What to do
Omitting all images, transcribe the entries word for word.

Supplied data Start Marker

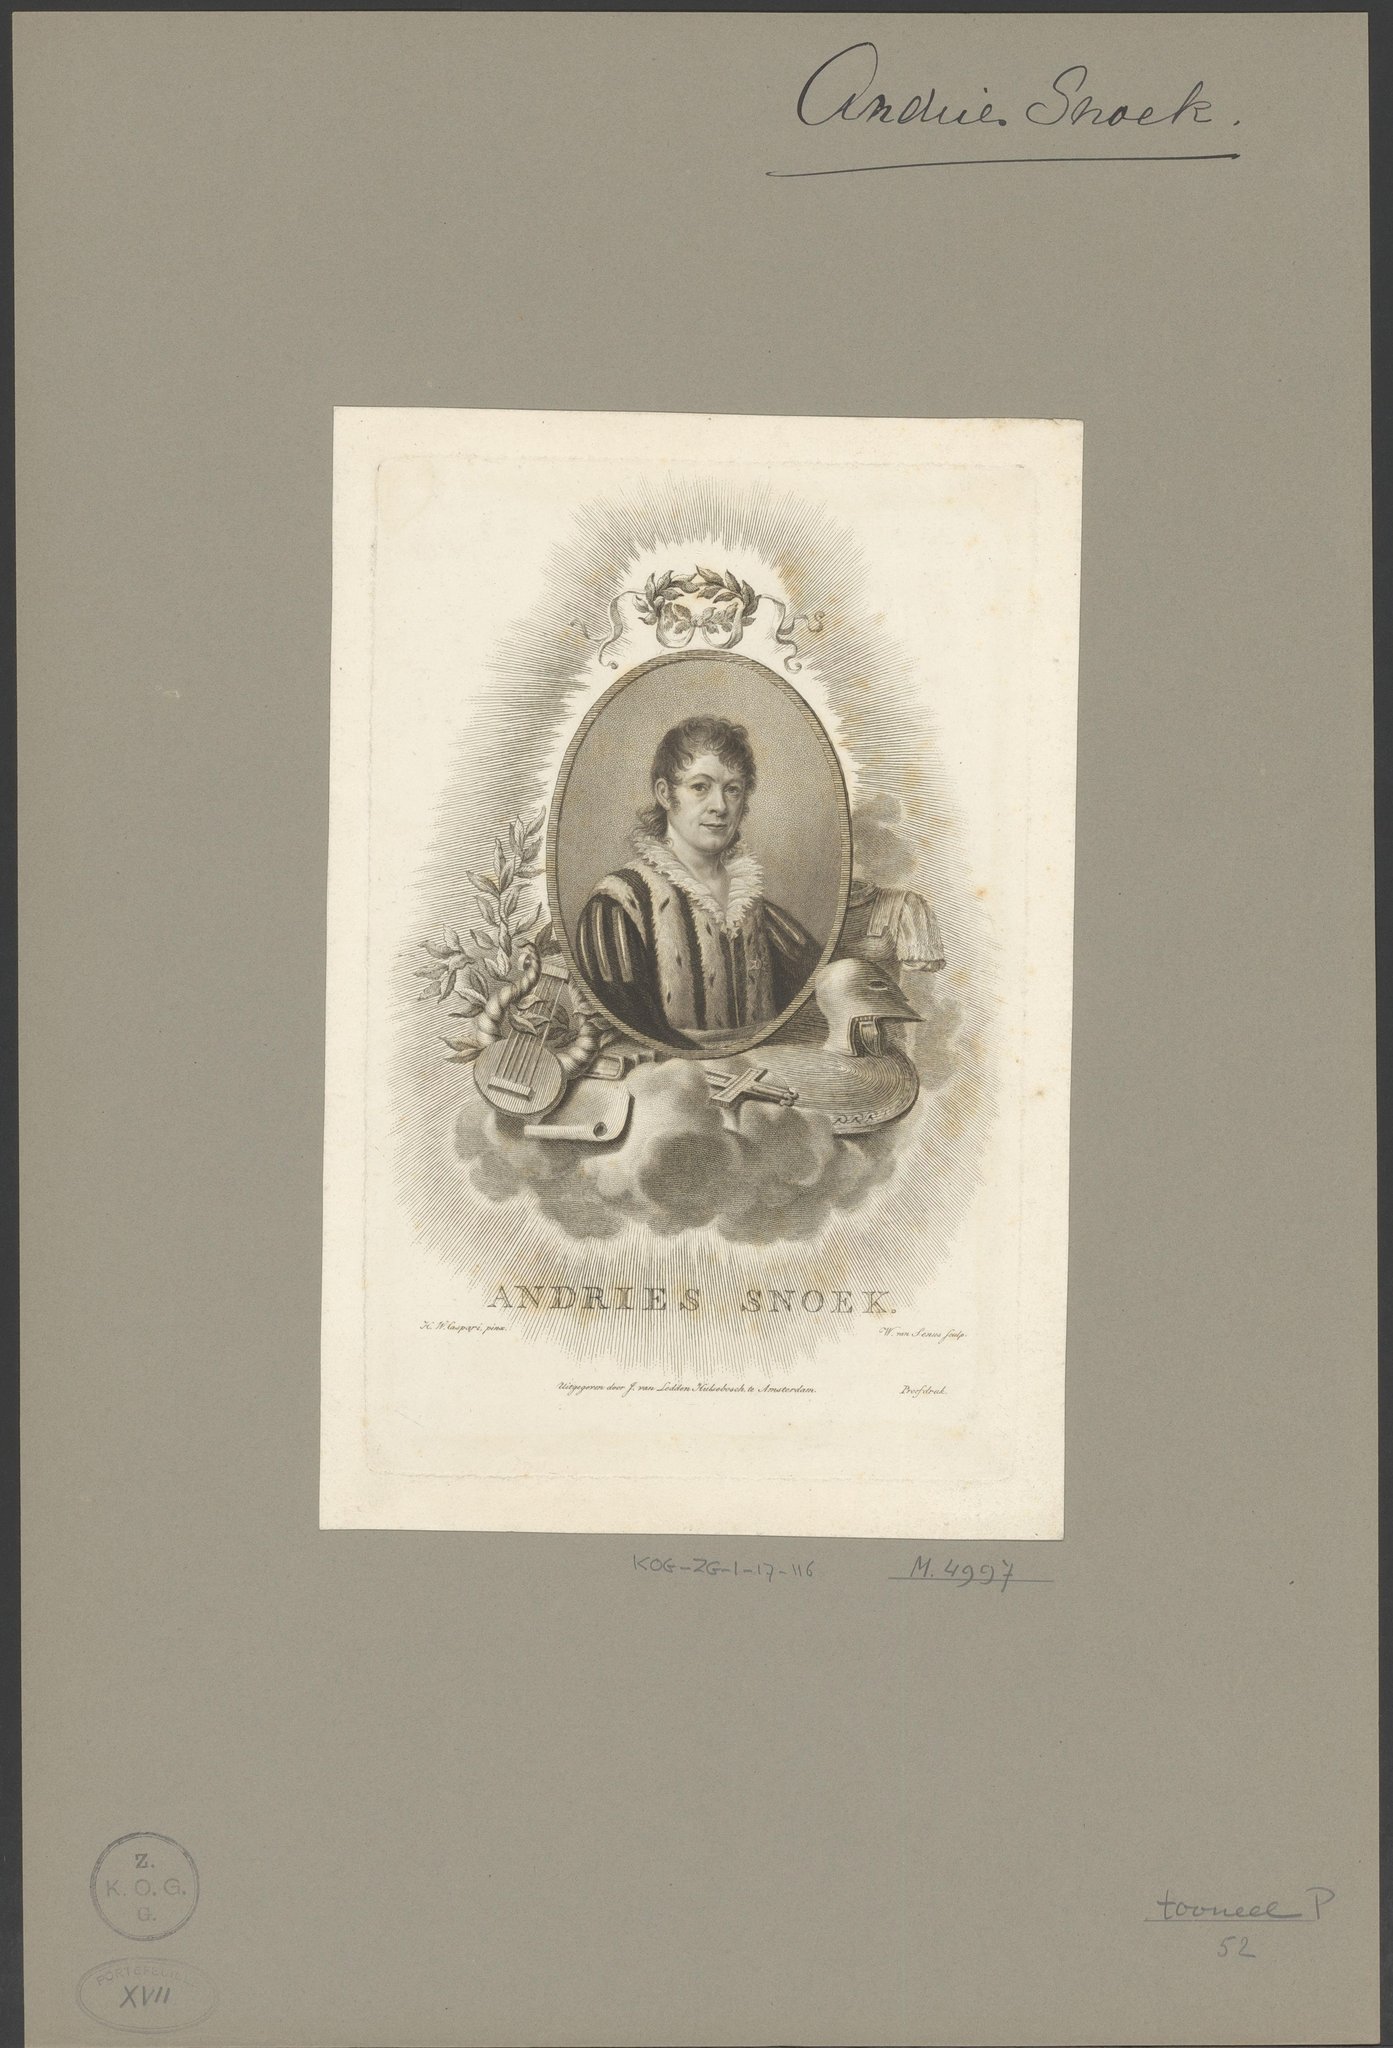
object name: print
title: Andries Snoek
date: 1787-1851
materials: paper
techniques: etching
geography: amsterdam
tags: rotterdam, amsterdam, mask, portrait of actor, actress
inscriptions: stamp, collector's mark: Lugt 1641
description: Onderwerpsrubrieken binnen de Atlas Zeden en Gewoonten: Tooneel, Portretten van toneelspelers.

Supplied data End Marker

Solution to this problem
object name: print
title: Andries Snoek
date: 1787-1851
materials: paper
techniques: etching
geography: amsterdam
tags: rotterdam, amsterdam, mask, portrait of actor, actress
inscriptions: stamp, collector's mark: Lugt 1641
description: Onderwerpsrubrieken binnen de Atlas Zeden en Gewoonten: Tooneel, Portretten van toneelspelers.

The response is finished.